= Supplier convergence =

Business model

Supplier convergence is a business model in which a company offers a combination of services or products that were previously supplied by separate companies. It is not to be confused with product convergence, where one product combines and replaces several others; rather, supplier convergence happens primarily through mergers and acquisitions, or through the expansion of larger companies into areas previously dominated by specialty businesses.

==In retail==
Supplier convergence in the retail industry is often described as the creation and growth of, literally, "one-stop shopping" (Slywotzky et al. 1999), epitomized by retail giants such as Wal-Mart, whose outlets offer a wide range of products in an attempt to make competing specialty stores obsolete. Essentially, each section in large department stores, such as hardware, electronics, and clothing, consequently aims to replace competing businesses specializing in just one of those areas.

While the above example deals with the combining of many different categories of products, supplier convergence can also occur with just one primary product. Examples of this trend would be the growth of book superstores such as Borders and Chapters, who have replaced many independent bookstores not by offering different products, but by offering a greater number of books that only several smaller stores combined could match.

==In the technology industry==
The boom of technology and the internet in recent years has been a key factor behind the trend of supplier convergence. The bundling of products together is a prime example of how a telecom/entertainment company could exploit the convergence pattern to their advantage. By offering triple play discounts to customers who subscribe to a number of services such as land-line telephone, wireless phone, internet, and digital cable, companies are encouraging customers to receive all these services from a single company rather than several different ones. The expansion of wireless networks is also a factor in supplier convergence, as one national or international wireless phone company could replace many localized ones (InterTradeIsland 2002).

Websites provide another example of supplier convergence, often with regards to services rather than products. Mega-search sites such as Google and Yahoo have expanded from their humble beginnings as search engines to comprehensive information portals offering news, weather forecasts, and financial services.

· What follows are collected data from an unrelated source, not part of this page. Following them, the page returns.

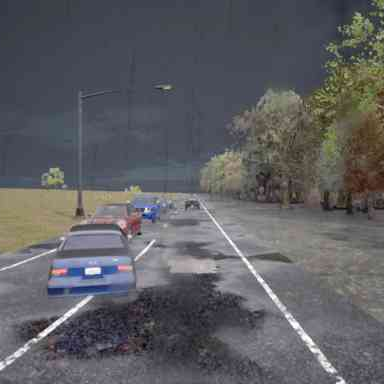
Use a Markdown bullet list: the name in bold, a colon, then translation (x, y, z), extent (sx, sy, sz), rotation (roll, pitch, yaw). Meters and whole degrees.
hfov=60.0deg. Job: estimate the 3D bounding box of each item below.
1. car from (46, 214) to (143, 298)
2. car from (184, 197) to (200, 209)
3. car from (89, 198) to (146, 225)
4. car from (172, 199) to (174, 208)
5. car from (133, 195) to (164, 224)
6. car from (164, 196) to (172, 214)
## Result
- **car**: translation (-2.529, 1.548, 8.761), extent (2.033, 1.411, 5.357), rotation (0, 0, -15)
- **car**: translation (0.041, 1.497, 44.085), extent (1.837, 1.490, 4.892), rotation (0, 0, 0)
- **car**: translation (-3.678, 1.352, 15.635), extent (2.097, 1.767, 4.553), rotation (0, 0, 1)
- **car**: translation (-3.610, 1.344, 45.312), extent (2.097, 1.767, 4.553), rotation (0, 0, 0)
- **car**: translation (-3.614, 1.221, 25.300), extent (2.150, 2.045, 5.566), rotation (0, 0, -1)
- **car**: translation (-3.608, 1.349, 35.305), extent (2.097, 1.767, 4.553), rotation (0, 0, 0)

In doing so, they have created websites that replace or combine the services of many other specialized sites.

==Convergence pattern==

A 2004 paper published by Microsoft explains what it calls the "convergence pattern" (Trowbridge et al. 2004); that is, the process that businesses must go through in order to achieve supplier convergence. The convergence pattern consists of three main steps:

1.	"Successfully promote your product offerings"

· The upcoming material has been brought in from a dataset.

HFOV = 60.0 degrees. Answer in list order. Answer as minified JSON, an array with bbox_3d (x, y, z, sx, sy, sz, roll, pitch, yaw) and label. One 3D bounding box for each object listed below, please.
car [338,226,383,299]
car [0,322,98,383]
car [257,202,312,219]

2.	"Emphasize the portions of the chain which command the highest perceived value"

3.	"Upgrade your delivery of the lower value products"

==Benefits==

Supplier convergence, when properly executed, can provide benefits to both companies and customers. The 2004 Microsoft paper by Trowbridge et al. singles out mergers and "bundling" as a particularly positive aspect of supplier convergence. By merging, it says, companies can increase their overall efficiency; that is "the cost of performing multiple business functions simultaneously should prove to be more efficient than performing each business function independently, and therefore drive down overall costs" (Trowbridge et al. 2004). This can also prove beneficial to the customers, as they can often receive a number of services and products at a better value from one company than from several smaller ones. The convergence of information suppliers, such as websites, also offers the public the ability to view and receive information from one source.

==Drawbacks==

A key drawback to supplier convergence is that one of the main concepts of it is to force smaller companies into mergers or out of business by replacing or threatening to replace them with one large company offering different products or services. Wal-Mart and Borders, two of the superstores cited above, have received criticism for forcing local, independent stores out of business by offering convenience and prices that smaller retail stores would not be able to match. For many, this is a concerning trend, as it means local retail outlets will continue to be replaced with large, multinational firms.

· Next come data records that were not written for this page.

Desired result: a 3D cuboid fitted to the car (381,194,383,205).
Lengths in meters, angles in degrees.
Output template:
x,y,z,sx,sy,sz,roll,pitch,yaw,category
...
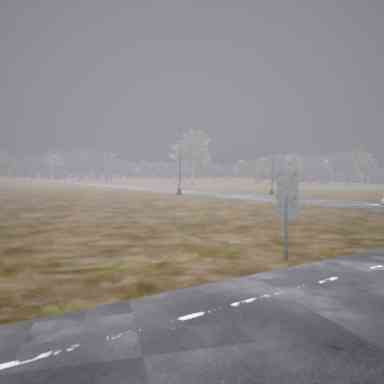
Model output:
x,y,z,sx,sy,sz,roll,pitch,yaw,category
19.807,0.674,29.344,2.150,2.045,5.566,0,2,-34,car
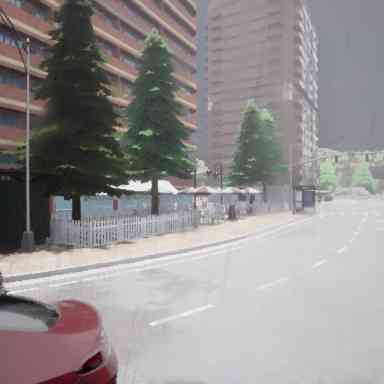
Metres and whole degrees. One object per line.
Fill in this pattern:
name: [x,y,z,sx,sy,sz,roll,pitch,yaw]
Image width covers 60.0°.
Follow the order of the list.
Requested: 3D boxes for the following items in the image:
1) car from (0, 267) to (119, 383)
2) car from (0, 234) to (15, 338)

A drawback to supplier convergence from a business's perspective can occur when a company applies convergence in such a way that makes it inconvenient for customers, and thus backfires on the company. For example, Belgian telecom company Belgacom decided in the late 1990s to combine fixed and mobile phone services into a single subscription. The plan failed, however, when customers wanted to keep these services separate and the company had technical difficulties in producing a single bill for two services (Shankar 2003).

==Supplier deconvergence==

Although much more rare than supplier convergence, supplier deconvergence occurs when a company offering several services or products breaks into a number of smaller companies specializing in a specific service or product (InterTradeIreland 2002). This may occur as part of a restructuring process for companies, or may be a strategic decision to associate different companies with specific services or products.

==Similar types of convergence==

As noted in the definition above, supplier convergence is not to be confused with product convergence, which occurs when two or more different products "evolve […] over time to the point where they overlap and address the same customer need" (Slywotzky et al. 1999). Supplier convergence does not reduce the number of products or services available, but merely the number of companies offering them.

Another type of convergence is known as complementor convergence. This takes place when two or more companies become allies or form strategic partnerships in order to drive out other competitors. This is not supplier convergence because they are not merging and forming a united line of products, but simply complementing each other with a business partnership (Slywotzky et al. 1999).